Exercise goal:
Going down the listing below, print exactly each line from the one with "Answer: 180% Which" up to and including the one with "Answer: Kempinski Palace Portorož and", and skip the rest.

◆ ◆ ◆ ◆ ◆ ◆ ◆

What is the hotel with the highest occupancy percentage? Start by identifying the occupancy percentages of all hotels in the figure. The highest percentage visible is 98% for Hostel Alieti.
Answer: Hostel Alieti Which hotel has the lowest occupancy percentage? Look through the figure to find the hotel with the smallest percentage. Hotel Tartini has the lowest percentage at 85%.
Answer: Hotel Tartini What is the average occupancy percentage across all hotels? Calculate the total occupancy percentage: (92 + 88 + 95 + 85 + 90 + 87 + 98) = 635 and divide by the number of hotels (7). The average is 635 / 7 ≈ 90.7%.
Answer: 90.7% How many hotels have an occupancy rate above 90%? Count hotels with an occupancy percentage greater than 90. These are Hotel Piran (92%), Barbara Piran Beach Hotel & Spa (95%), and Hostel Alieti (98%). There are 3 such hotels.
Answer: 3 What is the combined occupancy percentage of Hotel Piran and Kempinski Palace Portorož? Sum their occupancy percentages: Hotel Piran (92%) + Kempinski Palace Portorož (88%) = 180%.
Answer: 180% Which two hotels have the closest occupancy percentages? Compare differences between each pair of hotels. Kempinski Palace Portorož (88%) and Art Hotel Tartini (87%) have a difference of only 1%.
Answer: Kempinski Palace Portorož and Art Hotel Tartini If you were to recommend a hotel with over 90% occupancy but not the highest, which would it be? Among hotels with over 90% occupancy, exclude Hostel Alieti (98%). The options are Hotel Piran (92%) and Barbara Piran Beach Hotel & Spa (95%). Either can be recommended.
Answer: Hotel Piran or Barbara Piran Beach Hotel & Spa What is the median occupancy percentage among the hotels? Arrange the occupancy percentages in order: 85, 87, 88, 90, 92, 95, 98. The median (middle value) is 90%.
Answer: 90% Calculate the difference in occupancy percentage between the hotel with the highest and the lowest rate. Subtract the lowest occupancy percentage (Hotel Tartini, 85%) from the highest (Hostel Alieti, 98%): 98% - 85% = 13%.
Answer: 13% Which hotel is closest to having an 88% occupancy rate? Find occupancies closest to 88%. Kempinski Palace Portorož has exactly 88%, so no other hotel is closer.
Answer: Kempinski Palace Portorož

◆ ◆ ◆ ◆ ◆ ◆ ◆

Answer below:
Answer: 180% Which two hotels have the closest occupancy percentages? Compare differences between each pair of hotels. Kempinski Palace Portorož (88%) and Art Hotel Tartini (87%) have a difference of only 1%.
Answer: Kempinski Palace Portorož and Art Hotel Tartini If you were to recommend a hotel with over 90% occupancy but not the highest, which would it be? Among hotels with over 90% occupancy, exclude Hostel Alieti (98%). The options are Hotel Piran (92%) and Barbara Piran Beach Hotel & Spa (95%). Either can be recommended.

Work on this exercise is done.